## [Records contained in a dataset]
....
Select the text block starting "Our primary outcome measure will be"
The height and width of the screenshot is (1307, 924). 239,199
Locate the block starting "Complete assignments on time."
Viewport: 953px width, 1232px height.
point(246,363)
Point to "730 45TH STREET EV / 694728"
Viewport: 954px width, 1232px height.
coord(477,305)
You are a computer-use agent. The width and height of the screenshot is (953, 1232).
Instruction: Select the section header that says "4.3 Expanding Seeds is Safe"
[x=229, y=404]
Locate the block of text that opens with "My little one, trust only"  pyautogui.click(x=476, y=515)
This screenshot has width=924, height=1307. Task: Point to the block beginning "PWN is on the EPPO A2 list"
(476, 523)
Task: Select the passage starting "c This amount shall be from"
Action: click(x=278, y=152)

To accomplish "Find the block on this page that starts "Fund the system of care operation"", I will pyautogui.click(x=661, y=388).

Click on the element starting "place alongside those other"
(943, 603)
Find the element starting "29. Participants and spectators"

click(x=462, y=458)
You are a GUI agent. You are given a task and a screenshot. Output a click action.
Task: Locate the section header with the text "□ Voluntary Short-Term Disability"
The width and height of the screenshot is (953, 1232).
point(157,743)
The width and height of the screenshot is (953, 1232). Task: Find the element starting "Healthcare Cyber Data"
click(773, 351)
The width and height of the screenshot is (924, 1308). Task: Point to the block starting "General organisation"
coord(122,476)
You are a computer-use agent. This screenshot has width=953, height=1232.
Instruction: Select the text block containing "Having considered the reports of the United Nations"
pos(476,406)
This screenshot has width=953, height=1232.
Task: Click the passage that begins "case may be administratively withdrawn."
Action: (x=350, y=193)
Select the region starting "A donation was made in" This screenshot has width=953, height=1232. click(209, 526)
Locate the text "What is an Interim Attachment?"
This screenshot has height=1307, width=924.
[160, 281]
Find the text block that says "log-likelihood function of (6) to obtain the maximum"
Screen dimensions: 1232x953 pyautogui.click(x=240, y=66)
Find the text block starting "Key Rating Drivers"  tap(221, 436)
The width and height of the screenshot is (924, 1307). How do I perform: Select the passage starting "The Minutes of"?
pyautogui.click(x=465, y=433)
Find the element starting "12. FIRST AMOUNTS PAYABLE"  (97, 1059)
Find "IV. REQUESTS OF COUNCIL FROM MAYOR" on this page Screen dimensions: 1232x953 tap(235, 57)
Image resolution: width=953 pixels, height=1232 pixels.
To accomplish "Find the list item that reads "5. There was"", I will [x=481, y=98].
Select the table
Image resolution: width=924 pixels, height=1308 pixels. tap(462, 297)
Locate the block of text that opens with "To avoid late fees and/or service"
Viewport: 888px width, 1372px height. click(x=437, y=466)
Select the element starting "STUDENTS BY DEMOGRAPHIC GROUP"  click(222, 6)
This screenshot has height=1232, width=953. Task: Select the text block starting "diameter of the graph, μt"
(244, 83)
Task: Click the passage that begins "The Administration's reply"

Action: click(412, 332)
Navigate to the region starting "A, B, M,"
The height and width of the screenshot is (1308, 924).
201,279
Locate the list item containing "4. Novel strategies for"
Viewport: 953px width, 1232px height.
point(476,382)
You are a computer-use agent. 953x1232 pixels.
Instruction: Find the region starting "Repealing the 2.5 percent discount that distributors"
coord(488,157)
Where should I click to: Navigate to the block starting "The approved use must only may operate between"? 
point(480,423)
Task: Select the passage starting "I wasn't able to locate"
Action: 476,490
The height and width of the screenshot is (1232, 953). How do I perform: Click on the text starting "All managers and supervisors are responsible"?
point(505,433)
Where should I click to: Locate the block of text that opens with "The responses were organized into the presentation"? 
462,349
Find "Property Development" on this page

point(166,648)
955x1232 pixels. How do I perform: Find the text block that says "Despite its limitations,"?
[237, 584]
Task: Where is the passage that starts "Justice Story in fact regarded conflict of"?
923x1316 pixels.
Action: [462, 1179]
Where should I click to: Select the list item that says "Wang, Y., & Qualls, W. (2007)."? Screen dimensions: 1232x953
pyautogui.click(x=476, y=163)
....
## [WHAT IS REQUIRED]
How many lines in the entries hold the word "computer"? Only the number is wanted.

## [RESULT OF THE EXERCISE]
3